■ **Your instructions**: Only lines containing the word "drawing" belong in the answer; copy each one from the records.

Provided entries START

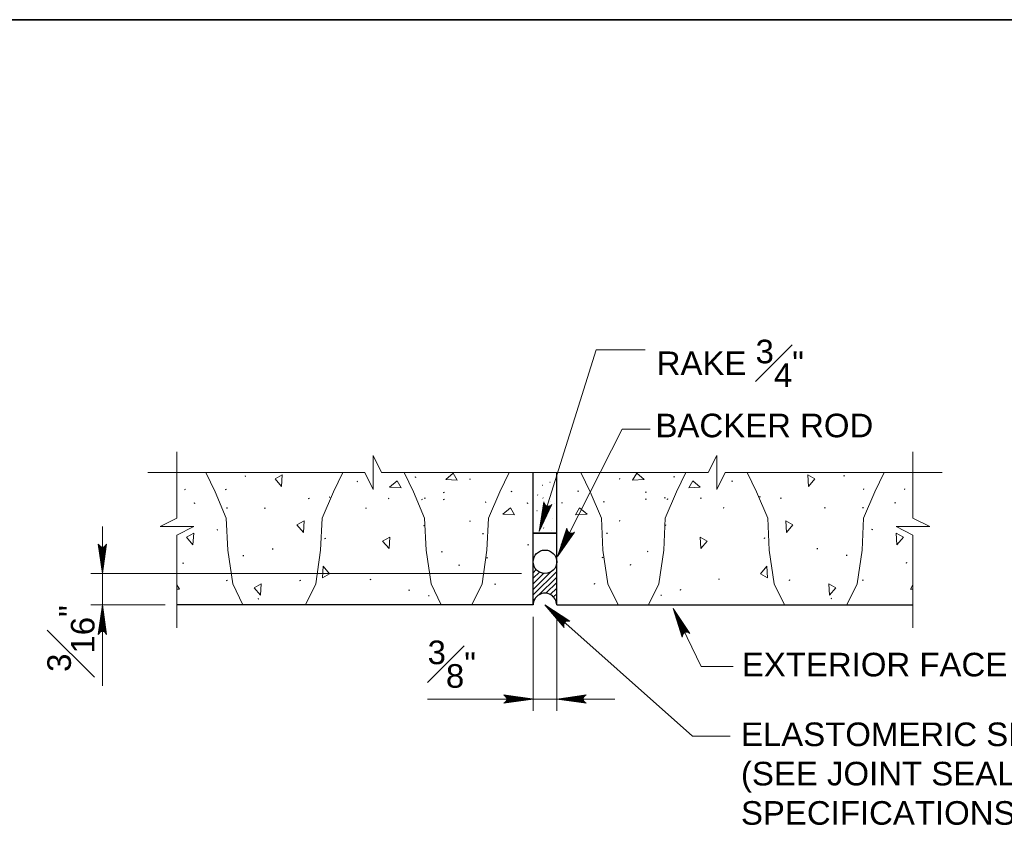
# Model space of a CAD drawing. Extents: x -1004 to 916, y -640 to 704.
# Tile 20 of 21: x 225 to 476, y 495 to 704. Entities that reach past the tile are written whole.
import ezdxf

# ---------------------------------------------------------------- set-up
doc = ezdxf.new("R2010")
doc.units = 0
doc.header["$MEASUREMENT"] = 0
for name, color, linetype, lineweight in [('Level 1', 7, 'Continuous', 18), ('Level 15', 7, 'Continuous', 18), ('Level 46', 7, 'Continuous', 18), ('Level 50', 7, 'Continuous', 18), ('Level 53', 7, 'Continuous', 18), ('Level 54', 7, 'Continuous', 18)]:
    doc.layers.add(name, color=color, linetype=linetype, lineweight=lineweight)
doc.styles.add('NOTES', font='romans.shx')

# ---------------------------------------------------------------- blocks, each defined once
blk = doc.blocks.new('LARROW_8')
at = {"color": 0, "linetype": 'ByBlock', "lineweight": -2, "flags": 128}
blk.add_lwpolyline([(-4.93, 0.71), (0, 0), (-4.92, -0.71), (-4.77, -0.59), (-4.55, -0.38), (-4.44, -0.19), (-4.42, 0), (-4.46, 0.21), (-4.57, 0.41), (-4.79, 0.61), (-4.93, 0.71), (-0.15, 0.01), (-4.76, -0.67), (-4.62, -0.56), (-4.39, -0.34), (-4.32, -0.06), (-4.37, 0.22), (-4.5, 0.41), (-4.67, 0.57), (-4.78, 0.65), (-0.41, 0.01), (-4.56, -0.59), (-4.41, -0.49), (-4.33, -0.37), (-4.25, -0.21), (-4.21, 0.01), (-4.23, 0.19), (-4.32, 0.33), (-4.5, 0.44), (-4.61, 0.58), (-0.71, 0.01), (-4.33, -0.5), (-4.17, -0.3), (-4.12, -0.06), (-4.14, 0.22), (-4.45, 0.51), (-1.05, 0.02), (-4.12, -0.41), (-4.07, -0.26), (-3.98, -0.04), (-4.04, 0.21), (-4.28, 0.43), (-1.36, 0.02), (-4.01, -0.31), (-3.92, -0.14), (-3.88, 0.04), (-4.07, 0.33), (-1.73, 0.02), (-3.85, -0.24), (-3.79, -0.11), (-3.77, 0.04), (-3.92, 0.25), (-2.17, 0.02), (-3.71, -0.15), (-3.67, 0.05), (-3.81, 0.17), (-2.53, 0.02), (-3.61, -0.09), (-3.63, 0.1), (-2.9, 0.02), (-3.57, -0.03), (-3.59, 0.03), (-3.36, 0.03)], dxfattribs=at)
blk = doc.blocks.new('LARROW_6')
at = {"layer": 'Level 46', "color": 1, "linetype": 'Continuous', "lineweight": 18, "flags": 128}
blk.add_lwpolyline([(-4.93, 0.71), (0, 0), (-4.92, -0.71), (-4.77, -0.59), (-4.55, -0.38), (-4.44, -0.19), (-4.42, 0), (-4.46, 0.21), (-4.57, 0.41), (-4.79, 0.61), (-4.93, 0.71), (-0.15, 0.01), (-4.76, -0.67), (-4.62, -0.56), (-4.39, -0.34), (-4.32, -0.06), (-4.37, 0.22), (-4.5, 0.41), (-4.67, 0.57), (-4.78, 0.65), (-0.41, 0.01), (-4.55, -0.59), (-4.41, -0.49), (-4.33, -0.37), (-4.25, -0.21), (-4.21, 0.01), (-4.23, 0.19), (-4.32, 0.33), (-4.5, 0.44), (-4.61, 0.58), (-0.71, 0.01), (-4.33, -0.5), (-4.17, -0.3), (-4.12, -0.06), (-4.14, 0.22), (-4.45, 0.51), (-1.05, 0.02), (-4.12, -0.41), (-4.07, -0.26), (-3.98, -0.04), (-4.04, 0.21), (-4.28, 0.43), (-1.36, 0.02), (-4.01, -0.32), (-3.92, -0.14), (-3.88, 0.04), (-4.07, 0.33), (-1.73, 0.02), (-3.85, -0.24), (-3.79, -0.11), (-3.77, 0.04), (-3.92, 0.25), (-2.17, 0.02), (-3.71, -0.15), (-3.67, 0.05), (-3.81, 0.17), (-2.53, 0.02), (-3.61, -0.09), (-3.63, 0.1), (-2.9, 0.02), (-3.57, -0.03), (-3.59, 0.03), (-3.36, 0.03)], dxfattribs=at)

msp = doc.modelspace()

# ---------------------------------------------------------------- linework, layer by layer
at = {"layer": 'Level 1', "color": 3, "linetype": 'Continuous', "lineweight": 35}
msp.add_3dface([(-1003.74, 704.14), (916.28, 704.14), (916.28, -639.88), (-1003.74, -639.88)], dxfattribs=at)
at = {"layer": 'Level 15', "color": 7, "linetype": 'Continuous', "lineweight": 25}
for p, q in [((356.11, 555.25), (356.11, 588.96)), ((362.09, 555.25), (362.09, 588.96)), ((356.11, 555.25), (265.47, 555.25)), ((362.09, 555.25), (452.73, 555.25))]:
    msp.add_line(p, q, dxfattribs=at)
at = {"layer": 'Level 15', "color": 7, "linetype": 'Continuous', "lineweight": 35}
msp.add_line((356.11, 573.49), (362.09, 573.49), dxfattribs=at)
at = {"layer": 'Level 15', "color": 7, "linetype": 'Continuous', "lineweight": 25}
msp.add_circle((359.1, 566.23), 2.99, dxfattribs=at)
msp.add_arc((359.1, 555.25), 2.99, 359.997, 180, dxfattribs=at)
at = {"layer": 'Level 46', "color": 1, "linetype": 'Continuous', "lineweight": 18, "flags": 128}
for points in [[(384.62, 620.16), (372.09, 620.16), (357.6, 573.97)], [(385.85, 600.01), (378.73, 600.01), (362.27, 567.58)], [(406.23, 521.87), (396.65, 521.87), (359.08, 555.29)], [(406.97, 539.56), (398.86, 539.56), (391.74, 554.31)]]:
    msp.add_lwpolyline(points, dxfattribs=at)
at = {"layer": 'Level 50', "color": 1, "linetype": 'Continuous', "lineweight": 18}
for p, q in [((246.51, 534.66), (246.51, 575.2)), ((353.12, 563.25), (243.52, 563.25)), ((262.48, 555.25), (243.52, 555.25)), ((356.11, 552.25), (356.11, 528.33)), ((362.09, 552.25), (362.09, 528.33)), ((329.24, 531.32), (376.9, 531.32))]:
    msp.add_line(p, q, dxfattribs=at)
at = {"layer": 'Level 53', "color": 2, "linetype": 'Continuous', "lineweight": 25}
for p, q in [((282.81, 588.05), (283.03, 588.11)), ((311.3, 586.69), (311.53, 586.76)), ((326.1, 587.79), (326.33, 587.85)), ((339.95, 587.24), (340.17, 587.31)), ((360.39, 586.39), (360.36, 586.42)), ((378.25, 587.24), (378.03, 587.31)), ((392.1, 587.79), (391.87, 587.85)), ((406.9, 586.69), (406.67, 586.76)), ((435.39, 588.05), (435.17, 588.11)), ((267.44, 584.6), (267.66, 584.67)), ((277.85, 584.6), (278.08, 584.67)), ((333.3, 583.88), (333.52, 583.94)), ((350.49, 584.12), (350.72, 584.18)), ((358.43, 585.62), (358.4, 585.65)), ((367.71, 584.12), (367.48, 584.18)), ((384.9, 583.88), (384.68, 583.94)), ((440.35, 584.6), (440.12, 584.67)), ((450.76, 584.6), (450.54, 584.67)), ((269.86, 581.14), (270.09, 581.21)), ((298.92, 582.36), (299.15, 582.42)), ((304.25, 582.66), (304.48, 582.73)), ((319.26, 582.36), (319.49, 582.42)), ((327.74, 582.11), (327.97, 582.18)), ((328.47, 582.42), (328.69, 582.49)), ((333.3, 582.11), (333.52, 582.18)), ((343.95, 581.39), (344.18, 581.45)), ((354.61, 581.14), (354.84, 581.21)), ((357.27, 583.21), (357.23, 583.24)), ((358.61, 582.44), (358.57, 582.48)), ((360.53, 581.63), (360.5, 581.67)), ((363.59, 581.14), (363.36, 581.21)), ((374.25, 581.39), (374.02, 581.45)), ((384.9, 582.11), (384.68, 582.18)), ((389.73, 582.42), (389.51, 582.49)), ((390.46, 582.11), (390.23, 582.18)), ((398.94, 582.36), (398.71, 582.42)), ((413.95, 582.66), (413.72, 582.73)), ((419.28, 582.36), (419.05, 582.42)), ((448.34, 581.14), (448.11, 581.21)), ((278.09, 579.93), (278.32, 580)), ((287.73, 579.87), (287.96, 579.94)), ((313.49, 579.87), (313.72, 579.94)), ((357.08, 579.19), (357.04, 579.23)), ((361.47, 581.11), (361.44, 581.14)), ((404.71, 579.87), (404.48, 579.94)), ((430.47, 579.87), (430.24, 579.94)), ((440.11, 579.93), (439.88, 580)), ((339.95, 576.58), (340.17, 576.65)), ((360.95, 577.16), (360.91, 577.19)), ((378.25, 576.58), (378.03, 576.65)), ((275.67, 574.39), (275.9, 574.45)), ((328.29, 575.48), (328.52, 575.55)), ((358.8, 574.8), (358.76, 574.83)), ((360.88, 574.08), (360.84, 574.11)), ((389.91, 575.48), (389.68, 575.55)), ((442.53, 574.39), (442.3, 574.45)), ((303.08, 572.19), (303.31, 572.26)), ((343.23, 573.39), (343.45, 573.45)), ((374.98, 573.39), (374.75, 573.45)), ((415.12, 572.19), (414.89, 572.26)), ((289.72, 569.51), (289.95, 569.57)), ((332.81, 568.78), (333.04, 568.84)), ((354.75, 570.55), (354.97, 570.61)), ((363.45, 570.55), (363.23, 570.61)), ((385.39, 568.78), (385.16, 568.84)), ((428.48, 569.51), (428.25, 569.57)), ((282.25, 567.8), (282.48, 567.87)), ((344.33, 567.25), (344.56, 567.32)), ((373.87, 567.25), (373.64, 567.32)), ((435.95, 567.8), (435.72, 567.87)), ((266.95, 565.87), (267.18, 565.93)), ((337.17, 565.38), (337.4, 565.45)), ((381.03, 565.38), (380.8, 565.45)), ((451.25, 565.87), (451.02, 565.93)), ((278.09, 561.51), (278.32, 561.57)), ((296.74, 561.51), (296.97, 561.57)), ((314.66, 561.75), (314.89, 561.81)), ((403.54, 561.75), (403.31, 561.81)), ((421.46, 561.51), (421.23, 561.57)), ((440.11, 561.51), (439.88, 561.57)), ((324.46, 559.02), (324.68, 559.09)), ((346.37, 560.53), (346.6, 560.6)), ((371.83, 560.53), (371.6, 560.6)), ((393.74, 559.02), (393.52, 559.09)), ((286.09, 556.83), (286.31, 556.89)), ((329.43, 557.63), (329.66, 557.69)), ((388.77, 557.63), (388.54, 557.69)), ((432.11, 556.83), (431.89, 556.89))]:
    msp.add_line(p, q, dxfattribs=at)
at = {"layer": 'Level 53', "color": 2, "linetype": 'Continuous', "lineweight": 18}
for p, q in [((356.11, 564.88), (356.34, 565.11)), ((356.11, 563.46), (356.89, 564.24)), ((356.11, 557.81), (362.09, 563.78)), ((361.74, 564.84), (362.09, 565.19)), ((356.11, 562.05), (357.68, 563.62)), ((356.11, 559.22), (360.5, 563.6)), ((356.11, 560.63), (358.75, 563.27)), ((357.45, 557.72), (362.09, 562.36)), ((359.35, 558.22), (362.09, 560.95)), ((360.45, 557.9), (362.09, 559.54)), ((356.11, 556.39), (356.63, 556.91)), ((361.26, 557.29), (362.09, 558.12)), ((361.82, 556.44), (362.09, 556.71)), ((362.08, 555.29), (362.09, 555.29))]:
    msp.add_line(p, q, dxfattribs=at)
at = {"layer": 'Level 53', "color": 2, "linetype": 'Continuous', "lineweight": 18, "flags": 128}
for points in [[(282.27, 555.25), (279.65, 560.64), (278.43, 569.19), (278.02, 577.33), (275.17, 584.05), (272.79, 588.96)], [(298.19, 555.25), (300.81, 560.64), (302.03, 569.19), (302.44, 577.33), (305.29, 584.05), (307.67, 588.96)], [(332.73, 555.25), (330.11, 560.64), (328.89, 569.19), (328.48, 577.33), (325.63, 584.05), (323.25, 588.96)], [(340.51, 555.25), (343.13, 560.64), (344.35, 569.19), (344.76, 577.33), (347.61, 584.05), (349.99, 588.96)], [(377.69, 555.25), (375.07, 560.64), (373.85, 569.19), (373.44, 577.33), (370.59, 584.05), (368.21, 588.96)], [(385.47, 555.25), (388.09, 560.64), (389.31, 569.19), (389.72, 577.33), (392.57, 584.05), (394.95, 588.96)], [(420.01, 555.25), (417.39, 560.64), (416.17, 569.19), (415.76, 577.33), (412.91, 584.05), (410.53, 588.96)], [(435.93, 555.25), (438.55, 560.64), (439.77, 569.19), (440.18, 577.33), (443.03, 584.05), (445.41, 588.96)], [(265.47, 560.37), (266.1, 559.26), (265.47, 559.3)], [(452.73, 560.37), (452.1, 559.26), (452.73, 559.3)]]:
    msp.add_lwpolyline(points, dxfattribs=at)
at = {"layer": 'Level 53', "color": 2, "linetype": 'Continuous', "lineweight": 18}
for points in [[(333.86, 587.15), (335.77, 588.78), (336.8, 586.96)], [(384.34, 587.15), (382.43, 588.78), (381.4, 586.96)], [(292.06, 585.41), (290.43, 587.33), (292.25, 588.35)], [(319.58, 585.21), (321.5, 586.84), (322.52, 585.02)], [(398.62, 585.21), (396.7, 586.84), (395.68, 585.02)], [(426.14, 585.41), (427.77, 587.33), (425.95, 588.35)], [(348.39, 578.36), (350.3, 579.99), (351.33, 578.17)], [(369.81, 578.36), (367.9, 579.99), (366.87, 578.17)], [(297.63, 573.71), (296, 575.62), (297.82, 576.65)], [(420.57, 573.71), (422.2, 575.62), (420.38, 576.65)], [(269.54, 570.55), (267.91, 572.47), (269.73, 573.5)], [(319.43, 569.59), (317.8, 571.5), (319.62, 572.53)], [(398.77, 569.59), (400.4, 571.5), (398.58, 572.53)], [(448.66, 570.55), (450.29, 572.47), (448.47, 573.5)], [(302.67, 565.11), (304.3, 563.19), (302.48, 562.16)], [(415.53, 565.11), (413.9, 563.19), (415.72, 562.16)], [(286.74, 557.71), (285.1, 559.62), (286.92, 560.65)], [(431.47, 557.71), (433.1, 559.62), (431.28, 560.65)]]:
    msp.add_3dface(points, dxfattribs=at)
at = {"layer": 'Level 54', "color": 92, "linetype": 'Continuous', "lineweight": 18}
for p, q in [((265.47, 594.23), (265.47, 577.34)), ((452.73, 594.23), (452.73, 577.34)), ((313.23, 588.96), (258.08, 588.96)), ((317.55, 588.96), (400.65, 588.96)), ((404.97, 588.96), (460.12, 588.96)), ((265.47, 573.03), (265.47, 549.44)), ((452.73, 573.03), (452.73, 549.44))]:
    msp.add_line(p, q, dxfattribs=at)
at = {"layer": 'Level 54', "color": 92, "linetype": 'Continuous', "lineweight": 18, "flags": 128}
for points in [[(317.55, 588.96), (315.39, 593.28), (315.39, 584.65), (313.23, 588.96)], [(400.65, 588.96), (402.81, 593.28), (402.81, 584.65), (404.97, 588.96)], [(265.47, 577.34), (261.16, 575.18), (269.78, 575.18), (265.47, 573.03)], [(452.73, 577.34), (457.04, 575.18), (448.42, 575.18), (452.73, 573.03)]]:
    msp.add_lwpolyline(points, dxfattribs=at)

# ---------------------------------------------------------------- block references
at = {"layer": 'Level 46', "color": 1, "linetype": 'Continuous', "lineweight": 18}
for p, xscale, yscale, zscale, rotation in [((357.6, 573.97), 1.523999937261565, 1.523999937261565, 1.523999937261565, 252.5863677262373), ((362.27, 567.58), 1.52399986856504, 1.52399986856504, 1.52399986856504, 243.1020775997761), ((359.08, 555.29), 1.523999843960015, 1.523999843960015, 1.523999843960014, 138.3499057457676), ((391.74, 554.31), 1.523999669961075, 1.523999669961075, 1.523999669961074, 115.7810132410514)]:
    msp.add_blockref('LARROW_6', p, dxfattribs=dict(at, xscale=xscale, yscale=yscale, zscale=zscale, rotation=rotation))
at = {"layer": 'Level 50', "color": 1, "linetype": 'Continuous', "lineweight": 18, "xscale": 1.519127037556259, "zscale": 0.03174999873}
for p, yscale, rotation in [((246.51, 563.25), -1.469972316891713, 270), ((246.51, 555.25), -1.469972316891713, 90), ((362.09, 531.32), 1.469972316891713, 180)]:
    msp.add_blockref('LARROW_8', p, dxfattribs=dict(at, yscale=yscale, rotation=rotation))
at = {"layer": 'Level 50', "color": 1, "linetype": 'Continuous', "lineweight": 18, "xscale": 1.519127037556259, "yscale": 1.469972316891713, "zscale": 0.03174999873}
msp.add_blockref('LARROW_8', (356.11, 531.32), dxfattribs=at)

# ---------------------------------------------------------------- texts
at = {"layer": 'Level 46', "color": 1, "linetype": 'Continuous', "lineweight": 25, "char_height": 6, "attachment_point": 1, "style": 'NOTES'}
for s, insert in [('\\A1;\\fArial|b0|i0|c0|p39;RAKE \\S3#4;"', (387.53, 622.73)), ('\\fArial|b0|i0|c0|p39;ELASTOMERIC SEALANT\\P(SEE JOINT SEALING\\PSPECIFICATIONS)', (408.96, 525.35))]:
    msp.add_mtext(s, dxfattribs=dict(at, insert=insert))
at = {"layer": 'Level 46', "color": 1, "linetype": 'Continuous', "lineweight": 25, "char_height": 6, "attachment_point": 1, "line_spacing_factor": 0.722892, "style": 'NOTES'}
for s, insert in [('\\fArial|b0|i0|c0|p39;BACKER ROD', (387.21, 603.91)), ('\\fArial|b0|i0|c0|p39;EXTERIOR FACE', (409.19, 543.08))]:
    msp.add_mtext(s, dxfattribs=dict(at, insert=insert))
at = {"layer": 'Level 50', "color": 1, "linetype": 'Continuous', "lineweight": 25, "insert": (232.49, 538.22), "char_height": 6, "attachment_point": 1, "rotation": 90, "style": 'NOTES'}
msp.add_mtext('\\A1;\\fArial|b0|i0|c0|p39;\\S3#16;"', dxfattribs=at)
at = {"layer": 'Level 50', "color": 1, "linetype": 'Continuous', "lineweight": 25, "insert": (329.24, 546.19), "char_height": 6, "attachment_point": 1, "style": 'NOTES'}
msp.add_mtext('\\A1;\\fArial|b0|i0|c0|p39;\\S3#8;"', dxfattribs=at)

doc.saveas('drawing.dxf')

Provided entries END

■ **Response to the exercise**:
# Model space of a CAD drawing. Extents: x -1004 to 916, y -640 to 704.
doc.saveas('drawing.dxf')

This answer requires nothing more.